In the Israeli parliamentary system, all parties that pass the electoral threshold of 3.25% of valid votes cast receive seats in the 120-seat parliament, the Knesset, proportional to their share of the total vote.
Since no party has ever received an outright majority (61 seats) by itself, elections have invariably been followed by a coalition-building process in which several parties, commanding a total of at least 61 Knesset members, band together to form a government. In the last four rounds of elections, either no coalition was able to be formed or the coalition formed was narrow, fractious, and short-lived.
Dr. Liron Lavi, assistant professor in the Department of Political Studies at Bar-Ilan University, says that for many years, and certainly since 1967, Israelis’ chief concerns when weighing their choices at the ballot box were security in general and the Israeli-Palestinian conflict in particular.
But in the current cycle of elections, she says, “this issue is not what mainly concerns Israelis anymore.”
Israeli voters today she says, are more concerned with the political future and legal troubles of former Prime Minister Binyamin Netanyahu. In terms of issues she says, what interests most Israeli voters is the country’s Jewish identity and democratic credentials.
Prof. Gideon Rahat, a professor of political science at the Hebrew University of Jerusalem and a senior fellow at the Israel Democracy Institute, says that even the meaning of security has shifted, as well.
Rahat says he believes Israeli citizens first vote for a person or an ideology and then they think that it will provide them with security. Thus, the very meaning of security is a product of one’s specific identity and worldview.
In the past, he says, “people saw the chief of staff as the symbol of security, but these days security is sometimes symbolized by people who didn’t even serve in the military like [Otzma Yehudit party chief Itamar] Ben-Gvir and [Religious Zionism leader Bezalel] Smotrich.” [Editor’s note: Smotrich did serve in the military but not in a senior position.]
The National Unity party has a strong claim that it can provide security for the Israeli people since its slate of candidates for the Knesset includes two former chiefs of staff of the Israeli military: Benny Gantz, the party leader, and Gadi Eizenkot, No. 3 on the list.
“They can make the claim to represent security,” Rahat said. But, he adds, “the interpretation of what security means has changed.”
Even if Israeli voters perceive the National Unity party to be a symbol of security, Lavi thinks this does not bring the same benefits to the party that it once would have “because they represent or symbolize an issue that no longer dominates Israelis’ decision on how to vote.”
“This is part of the reason why we do not see them strengthening in the polls,” she adds.
Lavi said that if there were another round of armed conflict between the Israelis and the Palestinians, it might raise the importance of the issue, “but I think overall, we see a deeper change in terms of what Israeli politics are about,” she says.
It is hard to pinpoint exactly when this shift in the public’s mindset happened, says Lavi, but the April 2019 election that started this cycle of repeated elections “is definitely where we saw this issue of Israel’s identity getting more prominent.”
She cites Israeli national election surveys in which voters were asked what they thought the election was about.

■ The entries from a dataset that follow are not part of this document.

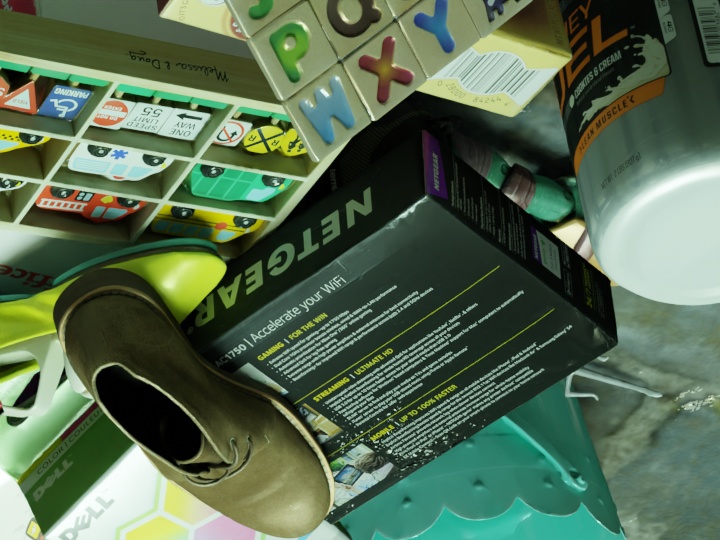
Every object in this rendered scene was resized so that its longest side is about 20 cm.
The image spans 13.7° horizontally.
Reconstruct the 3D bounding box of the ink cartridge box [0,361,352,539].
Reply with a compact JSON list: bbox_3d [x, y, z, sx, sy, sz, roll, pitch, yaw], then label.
[{"bbox_3d":[-0.108,0.115,1.584,0.104,0.059,0.200,-44,123,5],"label":"ink cartridge box"}]

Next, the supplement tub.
[{"bbox_3d":[0.154,-0.095,1.444,0.122,0.201,0.123,-6,145,-5],"label":"supplement tub"}]

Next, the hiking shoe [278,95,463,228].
[{"bbox_3d":[0.000,0.000,1.558,0.075,0.100,0.201,-12,119,-40],"label":"hiking shoe"}]

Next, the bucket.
[{"bbox_3d":[0.056,0.142,1.817,0.206,0.135,0.208,-8,145,-5],"label":"bucket"}]

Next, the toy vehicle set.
[{"bbox_3d":[-0.114,-0.060,1.425,0.199,0.027,0.124,9,141,-30],"label":"toy vehicle set"}]

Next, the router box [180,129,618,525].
[{"bbox_3d":[0.007,0.033,1.510,0.200,0.051,0.149,-34,128,27],"label":"router box"}]

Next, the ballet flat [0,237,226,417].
[{"bbox_3d":[-0.150,0.036,1.505,0.199,0.067,0.067,-13,160,29],"label":"ballet flat"}]

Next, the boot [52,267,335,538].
[{"bbox_3d":[-0.077,0.086,1.466,0.073,0.076,0.200,-36,129,11],"label":"boot"}]

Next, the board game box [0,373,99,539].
[{"bbox_3d":[-0.118,0.102,1.631,0.199,0.035,0.127,-33,123,-2],"label":"board game box"}]

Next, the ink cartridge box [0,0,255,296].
[{"bbox_3d":[-0.151,-0.076,1.493,0.144,0.085,0.200,15,138,-32],"label":"ink cartridge box"}]

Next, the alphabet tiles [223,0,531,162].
[{"bbox_3d":[0.017,-0.172,1.333,0.200,0.008,0.168,-38,115,-18],"label":"alphabet tiles"}]

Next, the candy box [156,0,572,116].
[{"bbox_3d":[-0.003,-0.152,1.395,0.199,0.117,0.056,12,140,-30],"label":"candy box"}]

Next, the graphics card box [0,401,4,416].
[{"bbox_3d":[-0.269,-0.001,1.473,0.125,0.051,0.201,-8,110,40],"label":"graphics card box"}]

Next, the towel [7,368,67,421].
[{"bbox_3d":[-0.128,0.082,1.651,0.199,0.023,0.144,-30,123,-4],"label":"towel"}]

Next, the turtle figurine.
[{"bbox_3d":[0.121,-0.009,1.651,0.199,0.101,0.150,18,124,-13],"label":"turtle figurine"}]

Netanyahu is always a prominent issue, she says. But in April, “we saw that various issues such as the economy, the Israeli-Palestinian conflict, and the future of Israeli democracy were all important to the same degree. Afterward, in September 2019, in March 2020, and March 2021, we saw the other issues decline in importance, and only the future of democracy maintains its importance for Israelis.”
Rahat adds that voters’ behavior has much to do with identity. He says religious identity comes first: “The more religious a person is, the more likely they will vote for Netanyahu and the religious parties, and only after that, you can say there’s a link to one’s understanding of foreign affairs and security,” he says, adding that when it comes to the economy, the differences between the parties are not highly significant.
n the final analysis, says Rahat, “the elections in Israel are a referendum about Netanyahu again and again.”
He explains that first and foremost, Israeli elections are highly personalized. “These personalities symbolize ideology, worldviews, the way people perceive democracy, and more.”